Does that make you feel guilty? It should. Does it make you feel unworthy of God's blessings and his goodness? It should. Then the Old Covenant did its work. Now you're ready for the New Covenant. The Old Covenant said, "Do! Don't do!" and it brought us nothing but misery because we see how often we've failed God time and time again. The New Covenant says, "Done! By Jesus!" Jesus was the Lamb, the perfect sacrifice. He laid down his life for the world to take every sin away. Every one of your sins has been covered by Jesus' blood. The New Covenant that Christ ushered in isn't a bitter pill to swallow as the Old Covenant was -- it is much better. The writer to the Hebrews says, (Hebrews 7:22) "Jesus has become the guarantee of a better covenant."

That better covenant is described by Jesus with two pictures. "No one sews a patch of unshrunk cloth on an old garment. If he does, the new piece will pull away from the old, making the tear worse." Jesus' point was this. The Old Covenant was inferior to the New Covenant. The Old Covenant was based on God and us -- and we failed; the New Covenant is based solely on God and his promises -- and he succeeded. The Old Covenant could only reveal your slavery to sin and death. The New Covenant in Jesus' blood has freed us from sin, death and Satan, and given us new life -- a life we can live not to try to earn heaven, but a life lived out of thankfulness because heaven is ours simply through believing in Jesus as our Savior. The Old Covenant is bitter because it shows our sins; the New is infinitely better because it shows our Savior.

When living for your God becomes a chore, then you are tossing your gospel freedom away and going back to living under the Old Covenant. How foolish! Jesus compares that to putting a patch of new cloth on some old clothes to cover a tear. Since the patch hasn't been in the washing machine yet, it hasn't shrunk yet. So when you wash the old fabric with the new patch on it, the patch will shrink and make the tear even worse than before. Jesus used another illustration: "No one pours new wine into old wineskins. If he does, the wine will burst the skins, and both the wine and the wineskins will be ruined. No, he pours new wine into new wineskins." To become wine, grape juice has to ferment. That was done in Jesus' time by pouring it into new wineskins, usually the hide of an animal. As the grape juice fermented into wine, it would expand, so it had to be in a new wineskin that could expand along with the new wine. If you put this new wine into an old wineskin that had already expanded to its limit, when the new wine would expand, it would burst the old wineskins, thus ruining both the old wineskin and the new wine. The same thing with the New Covenant. Trying to pour the overflowing freedom of God's gospel into the Old Testament laws could never work.

If you wear glasses, you know that your eyes change and your glasses get scratches so every few years you need to get new glasses. But now you can get LASIK surgery that uses a laser to cut your eye to make your vision perfect -- never needing glasses again. You've been given that laser surgery for your sinful heart through the gospel of the New Covenant. The faith that is yours grabs hold of Jesus' perfect righteousness and stands before God unashamed, saying, "Yes, I'm a sinner, but you saved me by your blood." Do we want to go back to living under the Old Covenant any longer, which is dominated by the shackles of the law?
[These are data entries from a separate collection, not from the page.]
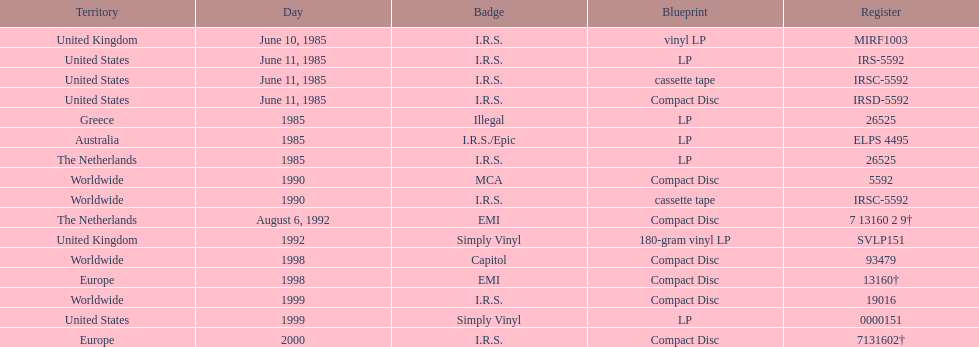Which area was the final to launch? Europe. 
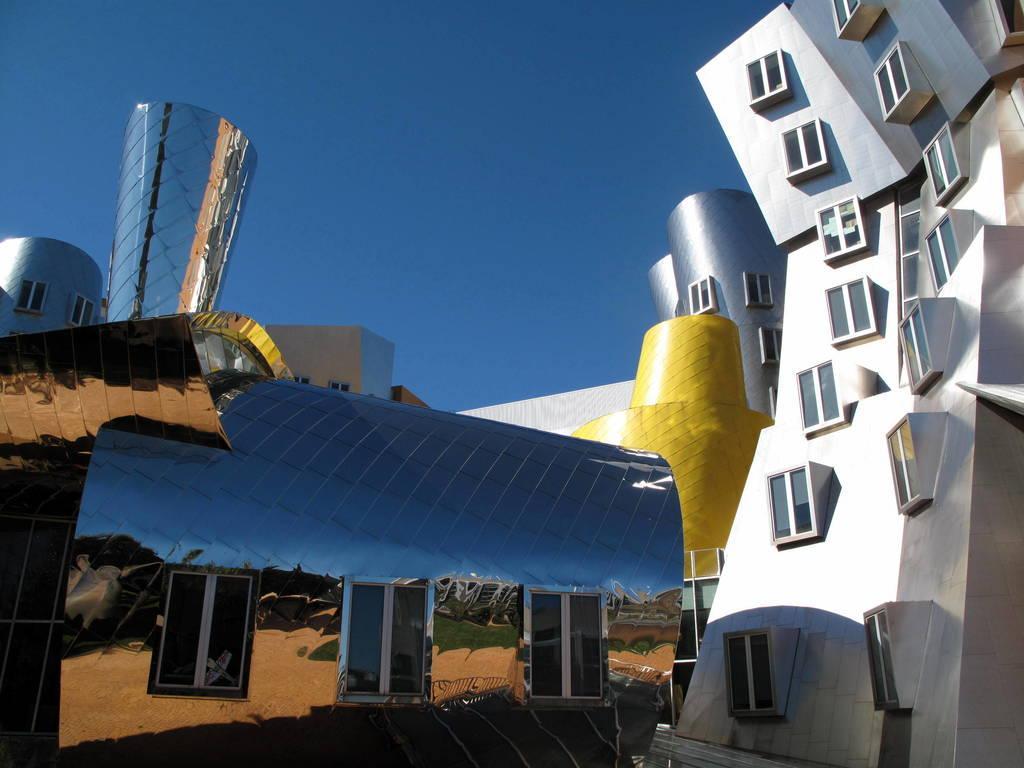Can you describe this image briefly? In this image we can see buildings and sky. 
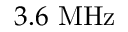Convert formula to latex. <formula><loc_0><loc_0><loc_500><loc_500>3 . 6 M H z</formula> 
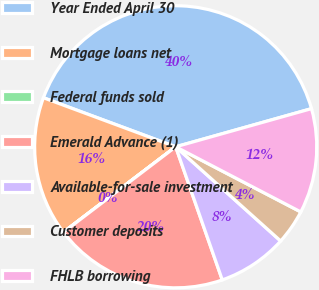Convert chart. <chart><loc_0><loc_0><loc_500><loc_500><pie_chart><fcel>Year Ended April 30<fcel>Mortgage loans net<fcel>Federal funds sold<fcel>Emerald Advance (1)<fcel>Available-for-sale investment<fcel>Customer deposits<fcel>FHLB borrowing<nl><fcel>39.99%<fcel>16.0%<fcel>0.01%<fcel>20.0%<fcel>8.0%<fcel>4.0%<fcel>12.0%<nl></chart> 
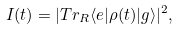Convert formula to latex. <formula><loc_0><loc_0><loc_500><loc_500>I ( t ) = | T r _ { R } \langle e | \rho ( t ) | g \rangle | ^ { 2 } ,</formula> 
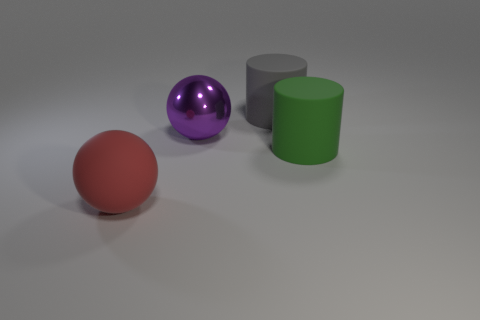Does the purple metal thing have the same shape as the red thing?
Your response must be concise. Yes. How many objects are large things in front of the big gray rubber cylinder or cyan things?
Offer a terse response. 3. What is the color of the big shiny thing?
Your answer should be compact. Purple. There is a purple sphere that is in front of the large gray rubber cylinder; what is its material?
Offer a very short reply. Metal. There is a large red matte thing; is it the same shape as the big thing behind the large purple metallic sphere?
Provide a succinct answer. No. Is the number of big gray rubber cylinders greater than the number of large blue shiny cylinders?
Your answer should be compact. Yes. Are there any other things of the same color as the large rubber ball?
Keep it short and to the point. No. What is the shape of the green thing that is made of the same material as the red sphere?
Your answer should be compact. Cylinder. What is the material of the sphere that is on the left side of the ball on the right side of the matte ball?
Ensure brevity in your answer.  Rubber. Is the shape of the matte object behind the big green matte thing the same as  the big green object?
Ensure brevity in your answer.  Yes. 
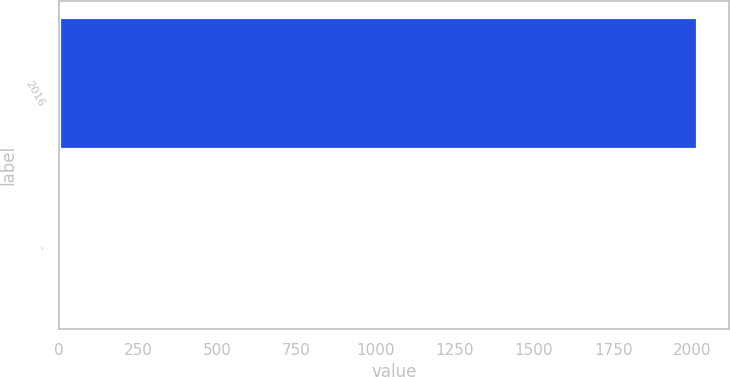Convert chart. <chart><loc_0><loc_0><loc_500><loc_500><bar_chart><fcel>2016<fcel>-<nl><fcel>2016<fcel>0.1<nl></chart>

Never! That would be like having that laser surgery for our eyes and then putting on our old, scratched up glasses again! Ridiculous! Instead, we live by faith, dominated by the New Man of faith that always has Christ and his cross and his empty tomb in view. We don't live to please us -- we live to please our Savior God. Gospel freedom changes everything for us.

Jesus is our hero. His gospel has changed our fasting into feasting and our bitter life into something better -- a life with God now and forever. Amen.